Again, set another auxiliary function

$$\varpi (x,t)=v(x,t)+\frac{N}{\Gamma (1+p)}(\log t)^{p},$$

and applying the minimum principle (Theorem 3.2), we obtain

$$v(x,t)\geq -\max \{N_{0}, N_{1}\}-2 \frac{N}{\Gamma (1+p)}(\log T)^{p},\quad (x,t)\in \bar{\Omega }\times [1,T].$$
(4.3)

Inequalities (4.2) and (4.3) together complete the proof of the theorem. □

### Theorem 4.2

The solution of problem (1.1) and (3.1)(3.2) depends continuously on the data given. That is, if

$$\Vert \Psi -\bar{\Psi } \Vert _{C(\bar{\Omega }\times [1,T])}\leq \epsilon ,\qquad \Vert a- \bar{a} \Vert _{C^{2}(\bar{\Omega })}\leq \epsilon _{0},\qquad \Vert b- \bar{b} \Vert _{C^{1}(\partial \Omega \times [1,T])}\leq \epsilon _{1},$$

then the estimate

$$\Vert v-\bar{v} \Vert _{C(\bar{\Omega }\times [1,T])}\leq \max \{\epsilon _{0}, \epsilon _{1} \}+2\frac{(\log T)^{p}}{\Gamma (1+p)}\epsilon$$
(4.4)

for the corresponding classical solution$$v(x,t)$$and$$\bar{v}(x,t)$$holds true.

The last inequality (4.4) is a simple consequence of norm estimate (4.1). Applying Theorem 4.1 and replacing Ψ, a, and b by $$\Psi -\bar{\Psi }$$, $$a-\bar{a}$$, and $$b-\bar{b}$$ in problem (1.1), (3.1), and (3.2), respectively, one can easily prove Theorem 4.2.

### Theorem 4.3

Assume that$$\Psi (x,t)\leq 0$$, $$C(x,t)\leq 0$$, $$\forall (x,t)\in \bar{ \Omega }\times [1,T]$$, and$$v(x,t)\in W_{*}$$is a solution of IBVP (1.1) and (3.1)(3.2). If$$a(x)\leq 0$$, $$x\in \Omega$$, and$$b(x,t)\leq 0$$, $$(x,t)\in \partial \Omega \times [1,T]$$, then

$$v(x,t)\leq 0, \quad (x,t)\in \bar{\Omega }\times [1,T].$$

### Theorem 4.4

If the inequality is reversed in Theorem 4.3, then the inequality of the conclusion is also reversed.

From Theorems 4.3 and 4.4, the following remark holds.

### Remark 4.1

If functions Ψ, C, a, b are zero in Theorem 4.3 (or 4.4), then $$v(x,t)$$ is also zero on $$\bar{\Omega }\times [1,T]$$.
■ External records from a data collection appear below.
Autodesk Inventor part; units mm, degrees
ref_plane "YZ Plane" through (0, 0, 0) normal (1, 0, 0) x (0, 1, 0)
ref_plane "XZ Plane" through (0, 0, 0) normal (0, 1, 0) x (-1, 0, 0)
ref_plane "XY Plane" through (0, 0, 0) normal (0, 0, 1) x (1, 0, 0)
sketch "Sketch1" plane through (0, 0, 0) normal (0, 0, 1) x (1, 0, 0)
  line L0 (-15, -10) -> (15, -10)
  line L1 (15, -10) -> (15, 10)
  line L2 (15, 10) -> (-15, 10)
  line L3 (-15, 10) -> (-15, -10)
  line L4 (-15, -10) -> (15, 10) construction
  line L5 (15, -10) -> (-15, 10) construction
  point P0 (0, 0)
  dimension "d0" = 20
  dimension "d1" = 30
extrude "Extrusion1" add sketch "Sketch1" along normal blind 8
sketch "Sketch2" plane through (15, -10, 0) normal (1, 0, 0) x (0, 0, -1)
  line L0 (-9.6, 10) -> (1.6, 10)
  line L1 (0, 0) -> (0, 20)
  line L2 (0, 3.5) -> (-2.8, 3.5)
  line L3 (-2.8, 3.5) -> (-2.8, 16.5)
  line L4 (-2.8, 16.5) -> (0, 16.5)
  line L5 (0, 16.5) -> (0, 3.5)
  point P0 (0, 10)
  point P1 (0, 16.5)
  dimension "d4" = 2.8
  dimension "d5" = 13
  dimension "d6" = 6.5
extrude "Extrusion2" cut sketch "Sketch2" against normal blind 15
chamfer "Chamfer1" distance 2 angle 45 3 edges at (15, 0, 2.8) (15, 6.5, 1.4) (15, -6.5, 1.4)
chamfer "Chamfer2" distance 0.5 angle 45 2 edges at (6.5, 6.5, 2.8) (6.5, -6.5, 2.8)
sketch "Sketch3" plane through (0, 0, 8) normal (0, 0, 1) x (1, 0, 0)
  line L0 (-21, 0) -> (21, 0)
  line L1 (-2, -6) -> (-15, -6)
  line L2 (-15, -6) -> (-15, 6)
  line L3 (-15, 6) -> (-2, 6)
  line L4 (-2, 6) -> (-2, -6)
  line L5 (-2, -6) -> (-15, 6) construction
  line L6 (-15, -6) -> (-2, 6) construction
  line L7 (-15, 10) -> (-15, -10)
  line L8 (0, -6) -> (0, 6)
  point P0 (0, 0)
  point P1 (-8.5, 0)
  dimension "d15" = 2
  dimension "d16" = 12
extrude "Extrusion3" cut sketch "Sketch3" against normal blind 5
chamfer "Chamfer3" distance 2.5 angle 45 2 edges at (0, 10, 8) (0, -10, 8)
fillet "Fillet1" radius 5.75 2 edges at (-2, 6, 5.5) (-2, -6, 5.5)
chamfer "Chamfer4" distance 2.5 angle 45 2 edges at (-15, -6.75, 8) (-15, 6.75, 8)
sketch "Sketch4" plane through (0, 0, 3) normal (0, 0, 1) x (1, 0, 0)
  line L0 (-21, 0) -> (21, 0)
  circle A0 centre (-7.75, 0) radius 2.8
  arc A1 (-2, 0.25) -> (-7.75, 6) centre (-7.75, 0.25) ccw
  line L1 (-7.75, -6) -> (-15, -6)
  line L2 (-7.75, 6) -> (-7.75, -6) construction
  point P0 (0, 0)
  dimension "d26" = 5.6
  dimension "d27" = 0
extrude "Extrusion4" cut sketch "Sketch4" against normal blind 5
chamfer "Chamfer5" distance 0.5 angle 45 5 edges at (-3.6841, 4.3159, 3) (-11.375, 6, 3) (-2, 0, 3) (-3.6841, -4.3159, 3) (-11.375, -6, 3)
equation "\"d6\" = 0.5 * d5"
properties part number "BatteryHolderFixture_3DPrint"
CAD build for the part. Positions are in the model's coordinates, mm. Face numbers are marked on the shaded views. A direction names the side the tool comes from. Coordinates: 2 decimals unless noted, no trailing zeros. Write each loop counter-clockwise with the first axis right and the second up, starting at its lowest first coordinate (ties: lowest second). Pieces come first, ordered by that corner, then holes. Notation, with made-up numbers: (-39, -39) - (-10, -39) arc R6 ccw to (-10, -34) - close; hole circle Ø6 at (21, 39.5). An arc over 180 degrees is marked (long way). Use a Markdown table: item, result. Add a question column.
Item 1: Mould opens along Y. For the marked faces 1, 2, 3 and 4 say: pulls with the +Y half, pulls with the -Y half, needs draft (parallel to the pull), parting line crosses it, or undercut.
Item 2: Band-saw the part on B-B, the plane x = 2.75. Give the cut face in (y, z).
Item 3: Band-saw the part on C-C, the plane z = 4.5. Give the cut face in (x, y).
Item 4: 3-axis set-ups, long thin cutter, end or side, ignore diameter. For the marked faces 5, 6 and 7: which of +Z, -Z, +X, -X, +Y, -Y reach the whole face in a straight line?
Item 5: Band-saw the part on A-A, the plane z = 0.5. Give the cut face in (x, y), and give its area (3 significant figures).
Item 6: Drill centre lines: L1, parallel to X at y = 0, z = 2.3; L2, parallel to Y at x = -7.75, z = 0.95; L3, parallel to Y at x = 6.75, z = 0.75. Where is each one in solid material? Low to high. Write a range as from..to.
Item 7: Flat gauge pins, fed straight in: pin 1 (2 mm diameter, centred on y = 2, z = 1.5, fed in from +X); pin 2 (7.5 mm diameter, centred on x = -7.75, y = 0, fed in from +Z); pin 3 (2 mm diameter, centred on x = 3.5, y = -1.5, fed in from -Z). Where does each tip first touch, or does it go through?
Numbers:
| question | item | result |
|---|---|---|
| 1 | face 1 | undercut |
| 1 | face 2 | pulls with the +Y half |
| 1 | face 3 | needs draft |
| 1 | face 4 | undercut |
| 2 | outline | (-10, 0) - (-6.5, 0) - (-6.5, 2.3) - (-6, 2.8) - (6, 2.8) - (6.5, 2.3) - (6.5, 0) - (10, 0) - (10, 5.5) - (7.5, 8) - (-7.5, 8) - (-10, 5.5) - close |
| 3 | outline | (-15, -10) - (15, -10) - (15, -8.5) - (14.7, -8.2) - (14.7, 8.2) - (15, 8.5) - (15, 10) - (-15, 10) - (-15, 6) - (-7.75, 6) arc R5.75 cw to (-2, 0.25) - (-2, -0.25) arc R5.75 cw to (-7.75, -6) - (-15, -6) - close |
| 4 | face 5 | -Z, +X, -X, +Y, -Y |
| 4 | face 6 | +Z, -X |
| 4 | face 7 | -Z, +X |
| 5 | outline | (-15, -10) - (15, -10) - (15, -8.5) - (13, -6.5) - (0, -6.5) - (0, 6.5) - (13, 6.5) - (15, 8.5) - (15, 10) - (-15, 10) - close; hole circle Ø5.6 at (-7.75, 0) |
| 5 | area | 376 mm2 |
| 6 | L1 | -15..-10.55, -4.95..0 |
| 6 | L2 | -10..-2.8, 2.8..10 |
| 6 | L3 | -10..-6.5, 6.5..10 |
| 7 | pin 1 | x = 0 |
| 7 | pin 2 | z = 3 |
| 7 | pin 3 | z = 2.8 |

Now, let us consider the uniqueness of solution for the multi-index nonlinear Hadamard fractional diffusion equation

$$\mathbb{P}\bigl({}^{H}D_{t} \bigr)v(x,t)=-\mathbb{L}v(x,t)+C(x,t)v(x,t)+\Psi (x,t,v),\quad (x,t)\in \Omega \times (1,T]$$
(4.5)

with initial boundary value conditions (3.1)–(3.2).

### Theorem 4.5

If the smooth function$$\Psi (x,t,v)$$of diffusion equation (4.5) is nonincreasing with respect to the third variable and$$C(x,t)\leq 0$$, then the multi-index nonlinear Hadamard fractional diffusion problem (4.5) and (3.1)(3.2) has at most one solution$$v(x,t)\in W_{*}$$.

### Proof

Let $$v_{1}, v_{2}\in W_{*}$$ be two solutions of Eq. (4.5) with initial boundary value conditions (3.1)–(3.2). Define an auxiliary function on $$\bar{\Omega }\times [1,T]$$

$$\mathfrak{P}(x,t)=v_{1}(x,t)-v_{2}(x,t).$$

Then $$\mathfrak{P}$$ satisfies the equation

$$\textstyle\begin{cases} \mathbb{P}({}^{H}D_{t})\mathfrak{P}(x,t)+\mathbb{L}\mathfrak{P}(x,t)-C(x,t) \mathfrak{P}(x,t) \\ \quad =\Psi (x,t,v_{1})-\Psi (x,t,v_{2}),\quad (x,t)\in \Omega \times (1,T], \\ \mathfrak{P}(x,1)=0,\quad x\in \Omega , \\ \mathfrak{P}(x,t)=0,\quad (x,t)\in \partial \Omega \times [1,T]. \end{cases}$$
(4.6)

It follows from the assumptions on Ψ that

$$\Psi (\cdot ,v_{1})-\Psi (\cdot ,v_{2})=\frac{\partial \Psi }{\partial v}(\tilde{v}) (v_{1}-v_{2})= \frac{\partial \Psi }{\partial v}( \tilde{v})\mathfrak{P}(x,t)\leq 0,$$
(4.7)

where $$\tilde{v}=\lambda v_{1}+(1-\lambda )v_{2}$$ for some $$0\leq \lambda \leq 1$$.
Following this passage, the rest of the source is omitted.